God is in his heaven and all is well with the world:

Larry Summers Withdraws Name From Fed Consideration
Julie Pace & Martin Crutsinger, September 15, 2013

Summers’ withdrawal followed growing resistance from critics, including some members of the Senate committee that would need to back his nomination.

Even the politicians and Barack Obama couldn’t handle the heat from sheer truth: Larry would have been the worst choice imaginable (along with his pals, Moe and Curly.)

Summers’s “withdrawal” is a Godsend that probably went something like this:

(Obama: “Larry, appointing you would be too stupid even for me, so you’ll have to, ahem, ‘withdraw.'”)

(Summers: “Gee, do I have to?

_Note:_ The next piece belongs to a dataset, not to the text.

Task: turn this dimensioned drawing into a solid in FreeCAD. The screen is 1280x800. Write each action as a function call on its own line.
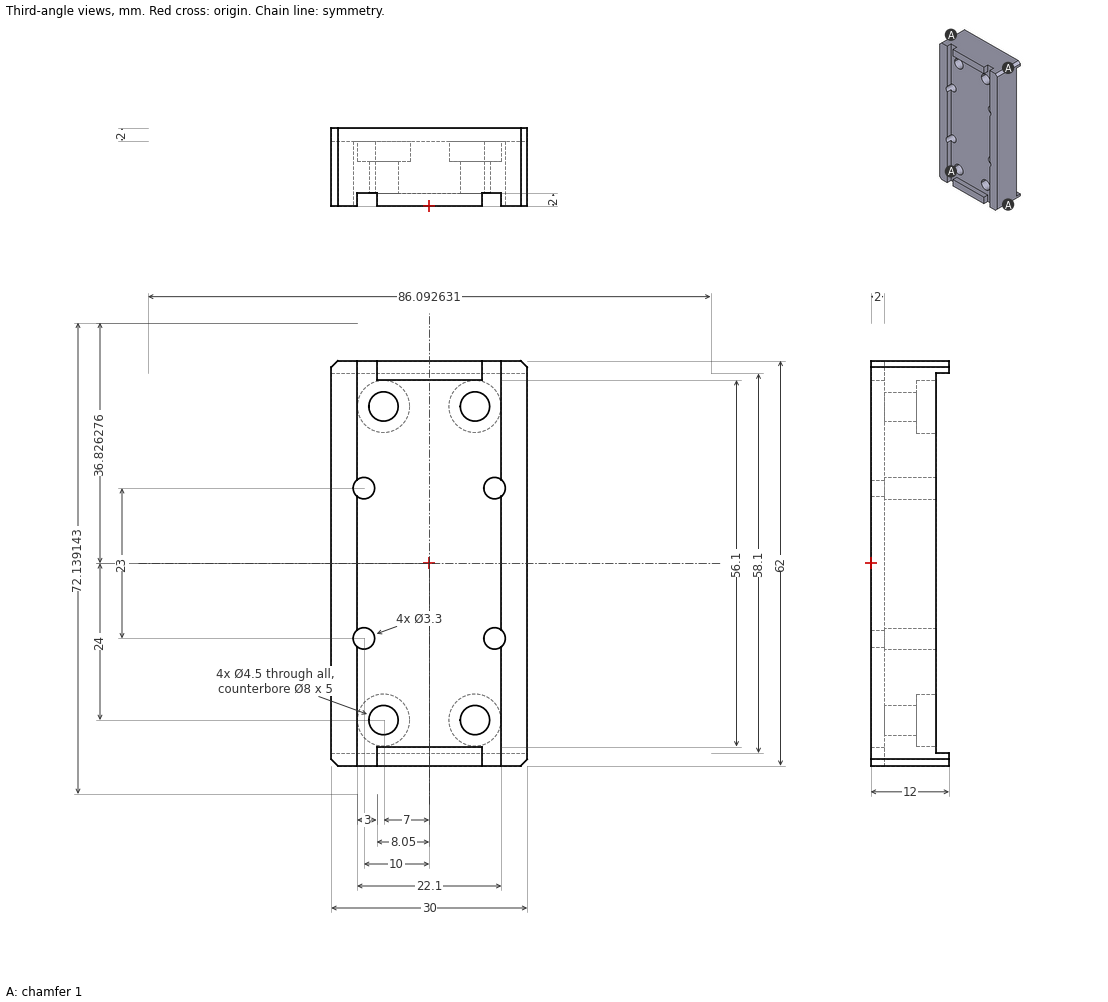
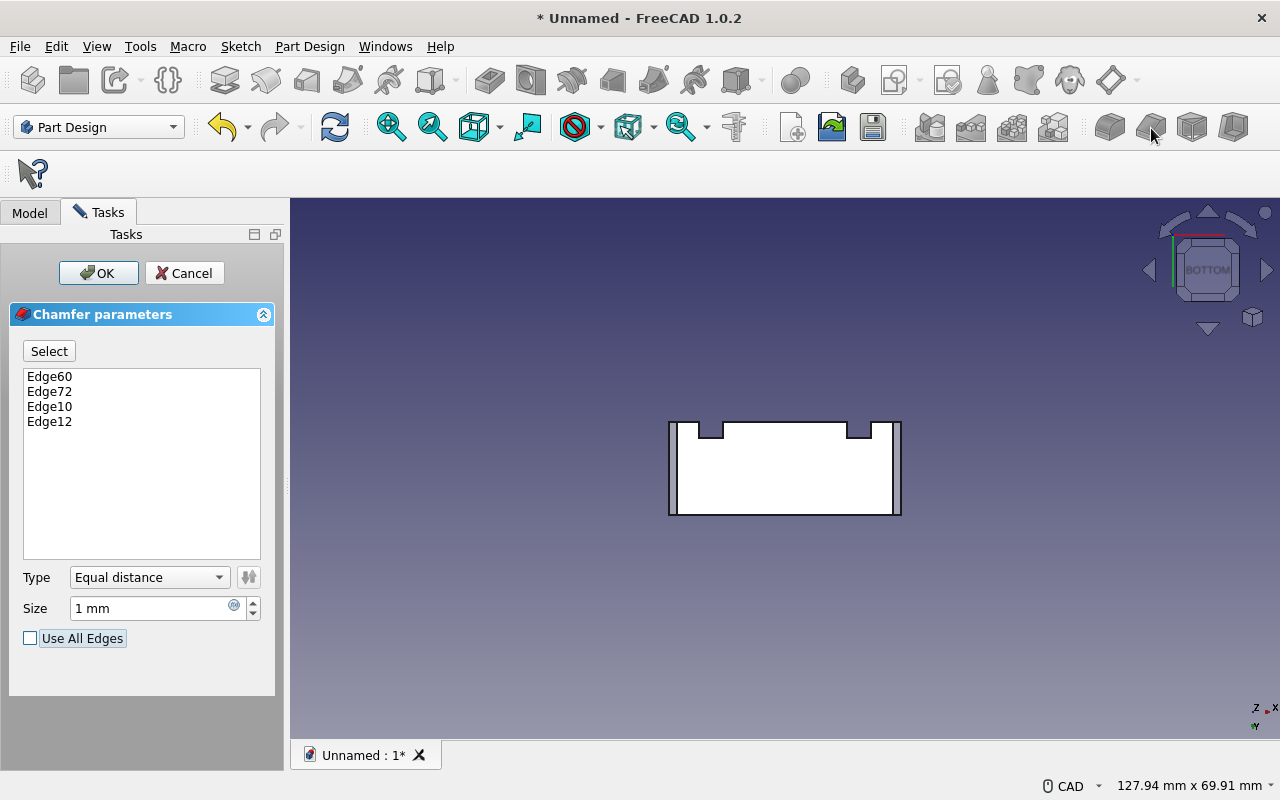
click(99, 273)

If you make me quit, I won’t contribute to your Obama Presidential Library.”)

(Obama: “I don’t care, now that I have Penny Pritzker.”)

(Summers: “Well, O.K., but please don’t appoint a women. As you know, women aren’t capable.”)

This leaves us with the question of whom to appoint. I’ve seen a couple mentions of Warren Mosler’s name as a candidate for Fed Chairman — not exactly a groundswell, but at least a handful of people are thinking correctly.

Warren would be terrific, and the country would benefit greatly. I suggest that you contact your politicians and everyone you know, and tell them to contact their politicians and everyone they know — TODAY — and suggest, no, DEMAND, that Warren Mosler be our next Fed Chairman.

At long last, install sanity in the Federal Reserve and Congress and the White House.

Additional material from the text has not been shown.